* [Your goal] No pictures go into the copy. Write out exactly the lines below from the one containing "#2 small box [559,37,783,267]" through the one containing "This view is 99.7° wide.".

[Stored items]
* * *

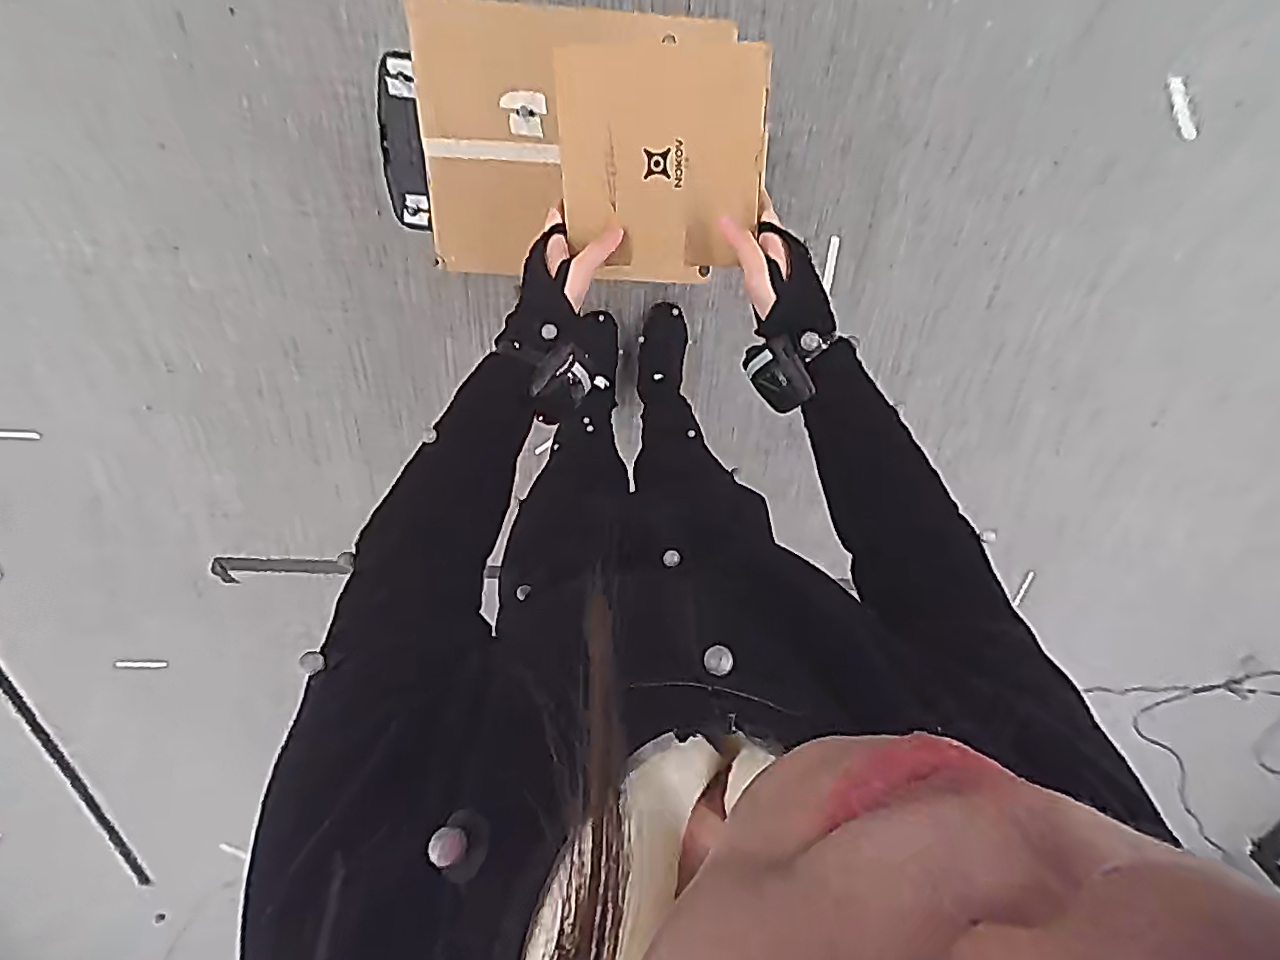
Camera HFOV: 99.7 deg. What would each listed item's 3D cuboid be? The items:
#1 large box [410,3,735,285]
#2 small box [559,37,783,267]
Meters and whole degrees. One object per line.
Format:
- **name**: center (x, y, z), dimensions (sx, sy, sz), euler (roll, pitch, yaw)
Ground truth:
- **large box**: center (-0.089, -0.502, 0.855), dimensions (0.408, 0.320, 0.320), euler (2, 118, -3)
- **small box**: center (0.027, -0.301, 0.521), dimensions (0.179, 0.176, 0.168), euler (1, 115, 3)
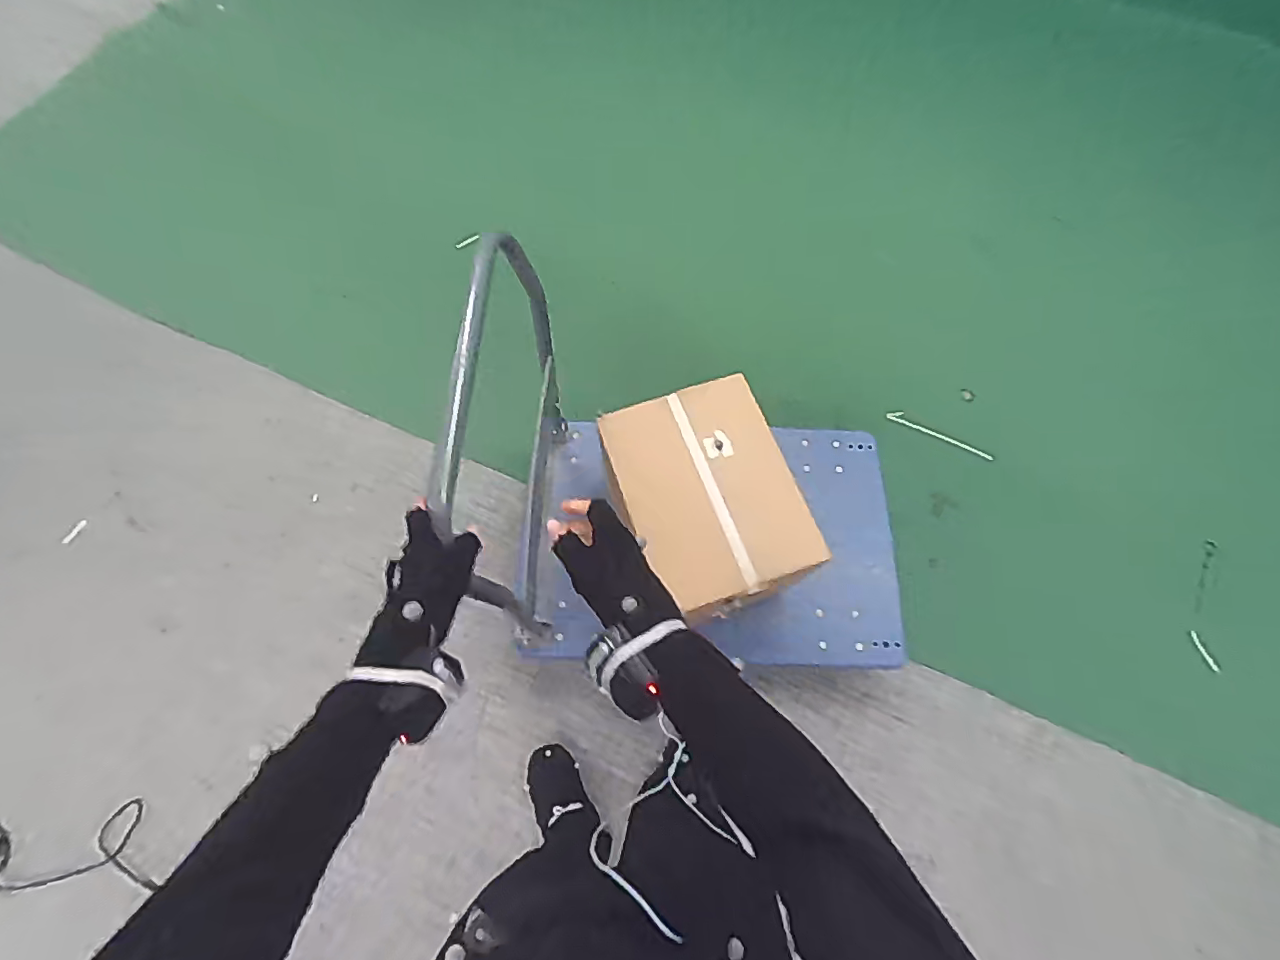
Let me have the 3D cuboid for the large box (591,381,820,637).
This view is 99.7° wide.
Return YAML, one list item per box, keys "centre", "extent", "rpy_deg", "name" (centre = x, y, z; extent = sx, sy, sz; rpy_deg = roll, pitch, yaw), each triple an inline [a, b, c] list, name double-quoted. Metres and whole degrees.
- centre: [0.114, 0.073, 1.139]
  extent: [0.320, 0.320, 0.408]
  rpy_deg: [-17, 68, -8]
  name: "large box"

* * *

* [Response]
#2 small box [559,37,783,267]
Meters and whole degrees. One object per line.
Format:
- **name**: center (x, y, z), dimensions (sx, sy, sz), euler (roll, pitch, yaw)
Ground truth:
- **large box**: center (-0.089, -0.502, 0.855), dimensions (0.408, 0.320, 0.320), euler (2, 118, -3)
- **small box**: center (0.027, -0.301, 0.521), dimensions (0.179, 0.176, 0.168), euler (1, 115, 3)
Let me have the 3D cuboid for the large box (591,381,820,637).
This view is 99.7° wide.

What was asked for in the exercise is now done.